Rationale: We are establishing a molecular and cellular characterization laboratory (MCL) for benign and malignant lung nodules detected early in their natural history at four collaborative institutions. Given the scale of this project, it is essential to efficiently capture subject demographics and assign consistent identifiers across clinical, bio-specimens, and imaging data. We present a multi-site informatics system integrating multi-modal data and providing workflows consistent with a large clinical trial.
Methods: In the Lung MCL, REDCap serves as the central biorepository without aggregating protected health information across sites. Each site coordinator generates unique identifiers using the id generator, a custom javascript program which runs in a secure web browser without exchanging any information with the coordinating site. Site’s biorepository enters descriptive information regarding samples into the Lung MCL coordinating biorepository REDCap. Physical samples are shipped via couriers. Imaging data is transmitted to the coordinating center via DICOM C-MOVE (to a DICOM receive node), Box transfer, or disk via courier. Once received, the imaging data are parsed by an instance of the RSNA Clinical Trial Processor (CTP) server which performs the following functions: (1) coded identifiers in the image headers are matched the identifiers in Lung MCL REDCap, (2) duplicates are detected and removed, (3) images are decompressed to enhance system compatibility, (4) image meta-data is coded into project/subject/session hierarchy, and (5) images are transmitted to an eXtensible Neuroimaging Repository (XNAT) server. To perform step 1, the CTP server reads a coding table from the Lung MCL REDCap because some sites programmatically generate both imaging and non-imaging ID’s for a single subject. If received images do not match the Lung MCL REDCap, they are held in “quarantine” for future quality assurance.
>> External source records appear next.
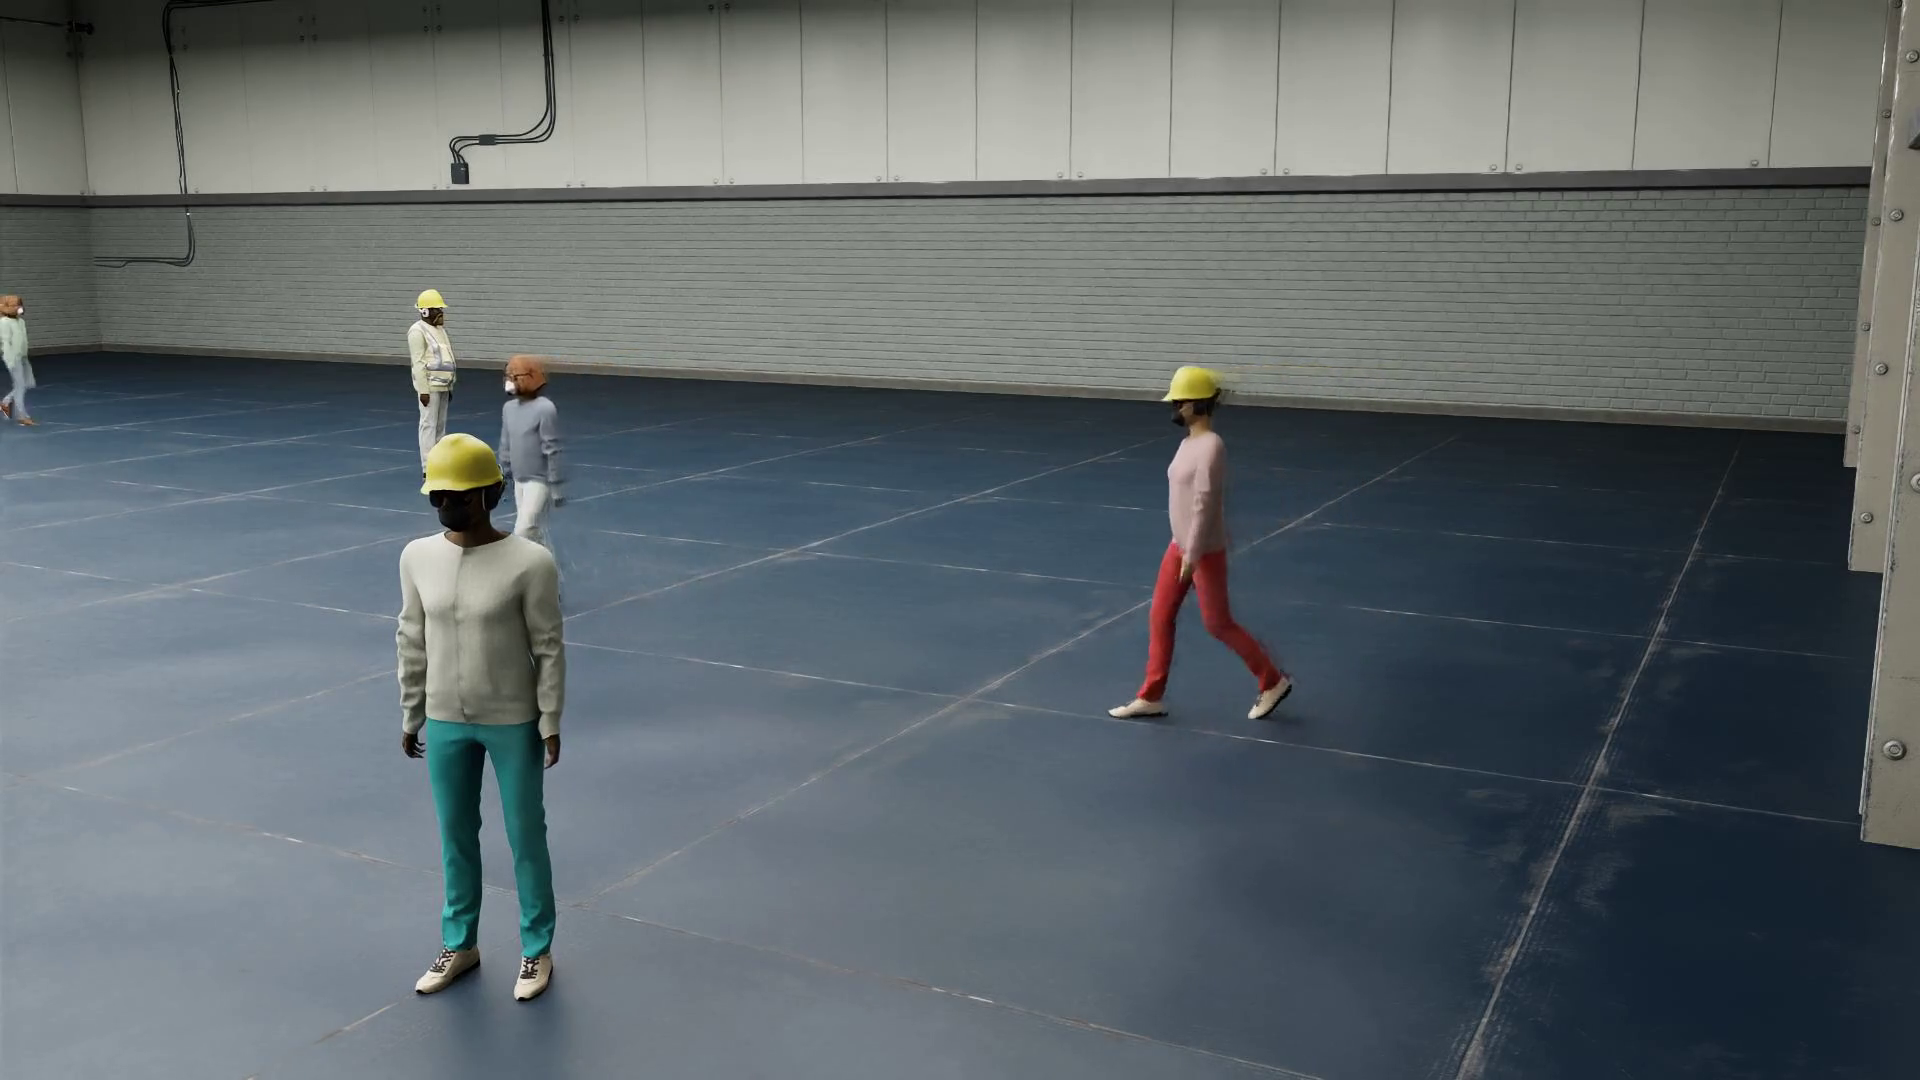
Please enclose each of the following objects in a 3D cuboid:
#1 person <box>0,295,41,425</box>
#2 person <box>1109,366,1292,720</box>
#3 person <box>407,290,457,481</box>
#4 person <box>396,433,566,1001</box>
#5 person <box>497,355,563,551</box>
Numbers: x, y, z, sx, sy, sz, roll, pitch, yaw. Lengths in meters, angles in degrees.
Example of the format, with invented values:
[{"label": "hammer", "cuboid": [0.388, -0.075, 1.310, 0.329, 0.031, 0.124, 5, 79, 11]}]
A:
[{"label": "person", "cuboid": [-11.721, -2.217, 20.593, 0.477, 1.620, 0.504, 0, 10, -1]}, {"label": "person", "cuboid": [1.187, 0.024, 8.026, 0.836, 1.736, 0.520, -2, 11, -11]}, {"label": "person", "cuboid": [-5.043, -1.479, 15.977, 0.404, 1.833, 0.588, 1, 10, 5]}, {"label": "person", "cuboid": [-1.471, 0.550, 5.094, 0.533, 1.767, 0.327, 2, 11, 10]}, {"label": "person", "cuboid": [-2.709, -0.331, 10.311, 0.518, 1.616, 0.511, 9, 14, 42]}]
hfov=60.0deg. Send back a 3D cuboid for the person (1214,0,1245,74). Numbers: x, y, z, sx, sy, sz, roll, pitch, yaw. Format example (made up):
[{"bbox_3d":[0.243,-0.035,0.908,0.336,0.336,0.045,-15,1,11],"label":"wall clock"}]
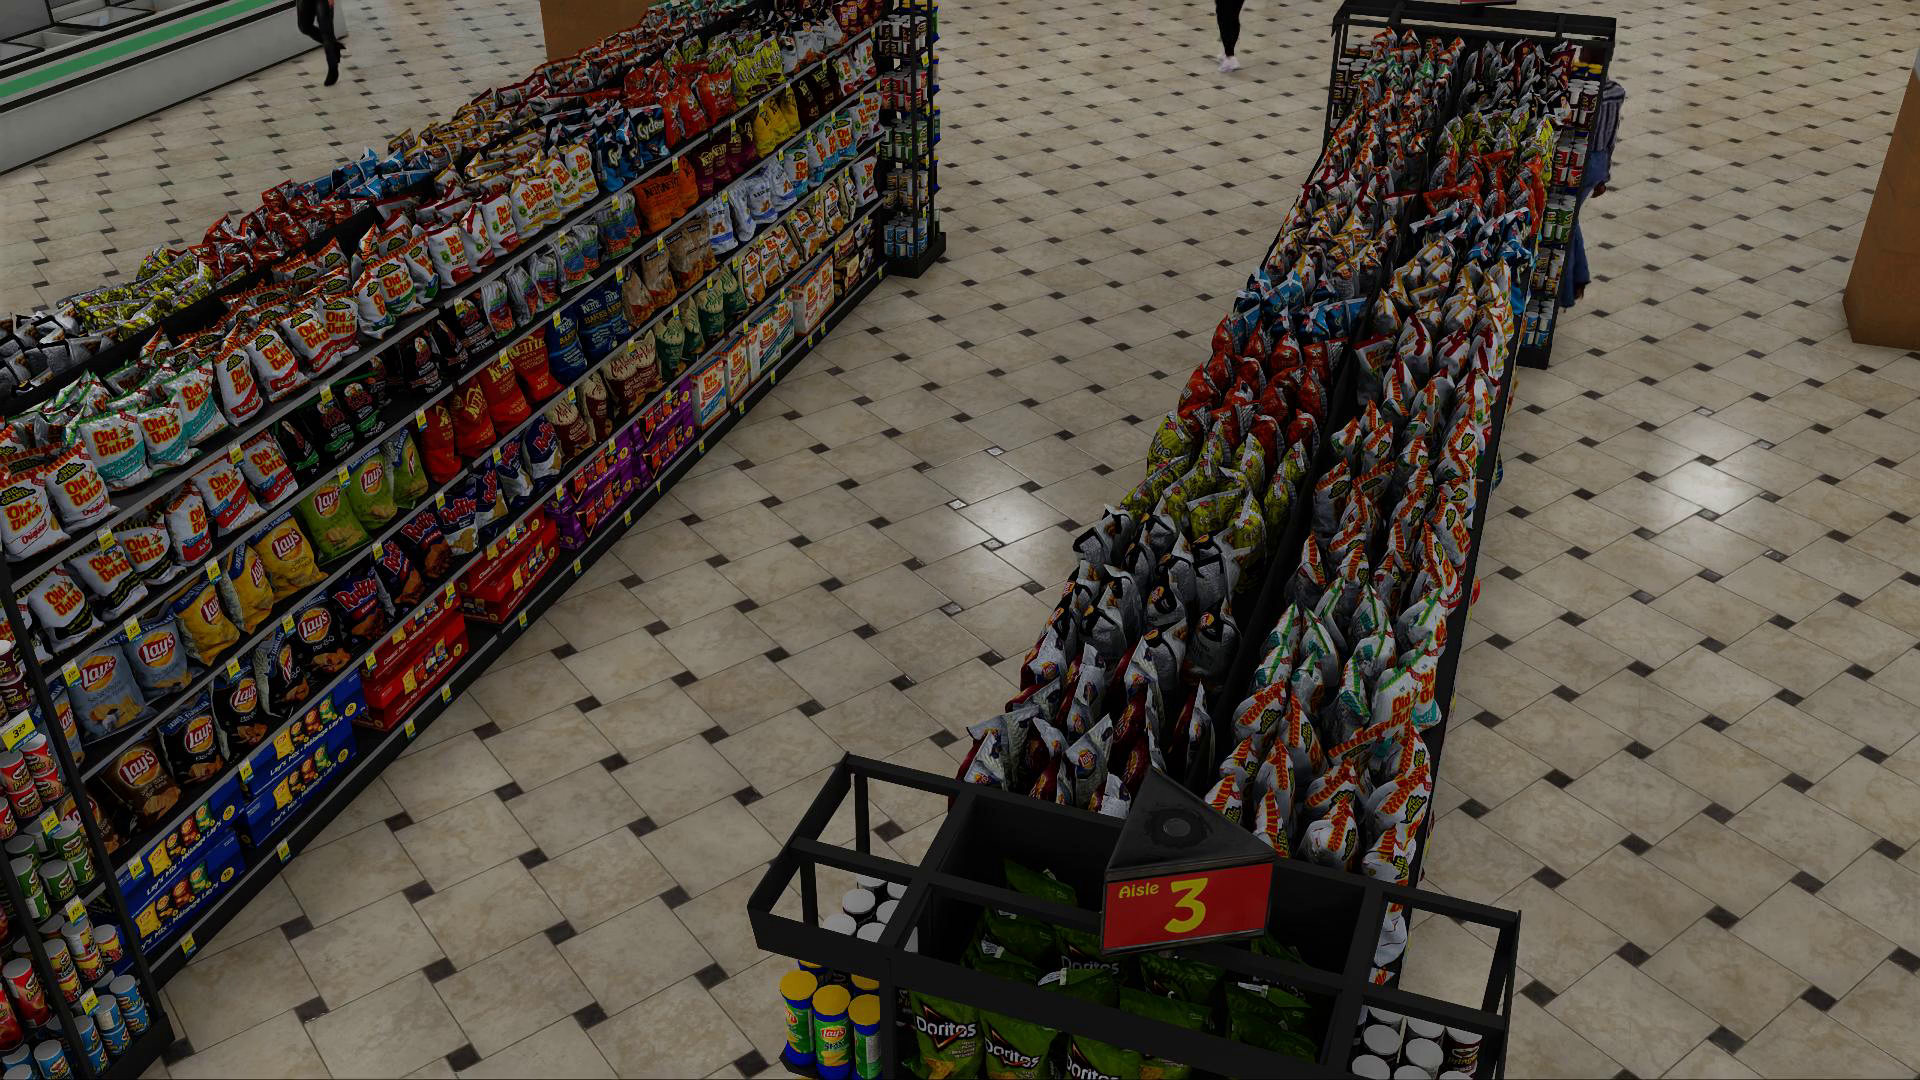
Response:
[{"bbox_3d":[2.505,-5.127,15.216,0.836,1.642,0.898,-13,34,-20],"label":"person"}]

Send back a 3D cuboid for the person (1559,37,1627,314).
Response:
[{"bbox_3d":[3.945,-2.215,10.405,0.736,1.780,0.828,-20,37,-29],"label":"person"}]

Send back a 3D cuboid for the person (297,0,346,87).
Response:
[{"bbox_3d":[-5.748,-4.912,14.932,0.620,1.576,0.705,9,33,14],"label":"person"}]
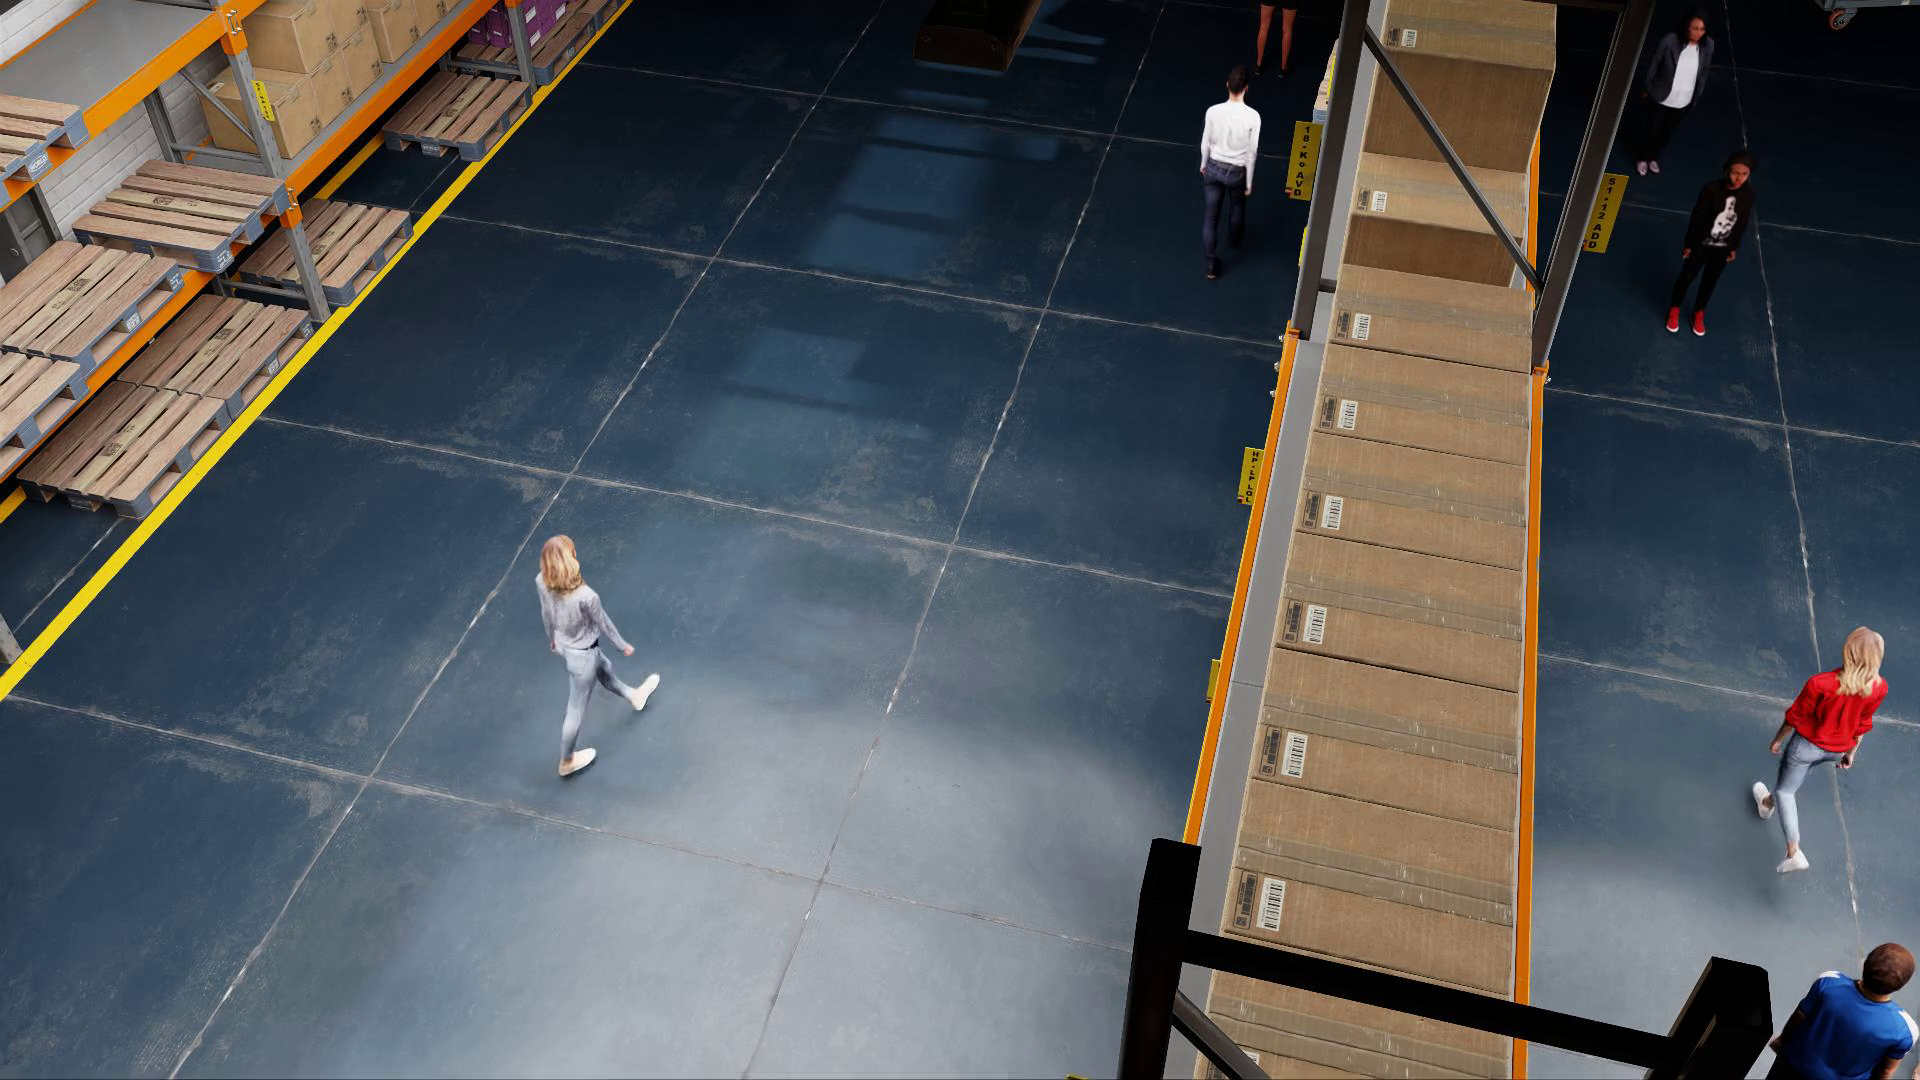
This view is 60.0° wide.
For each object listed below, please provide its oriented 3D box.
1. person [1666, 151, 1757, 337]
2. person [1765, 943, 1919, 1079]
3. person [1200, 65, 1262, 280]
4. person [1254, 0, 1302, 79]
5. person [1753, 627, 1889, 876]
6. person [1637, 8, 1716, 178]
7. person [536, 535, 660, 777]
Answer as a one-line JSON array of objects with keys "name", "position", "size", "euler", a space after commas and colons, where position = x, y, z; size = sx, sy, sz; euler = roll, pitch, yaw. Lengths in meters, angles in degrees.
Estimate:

Imaging data can be directly downloaded or transmitted to secondary analysis platforms through the user-interface, or subsets of the data can be pushed in bulk via a backend server application program.
Results: To date, 99 subjects have completed the process, while data from 577 subjects from 5 institutions (325,812 images) are in the process of quality assurance.
Conclusions: Capturing clinical trial data that involves imaging is a non-trivial task from both the perspective of subject privacy (e.g., controlling flow protected health information) and technical systems integration. REDCap, CTP, and XNAT provide the MCL consortium a solid framework on which to perform analyses within and across data aggregation modalities. Sites can maintain control over sensitive data while fully participating in a consortium.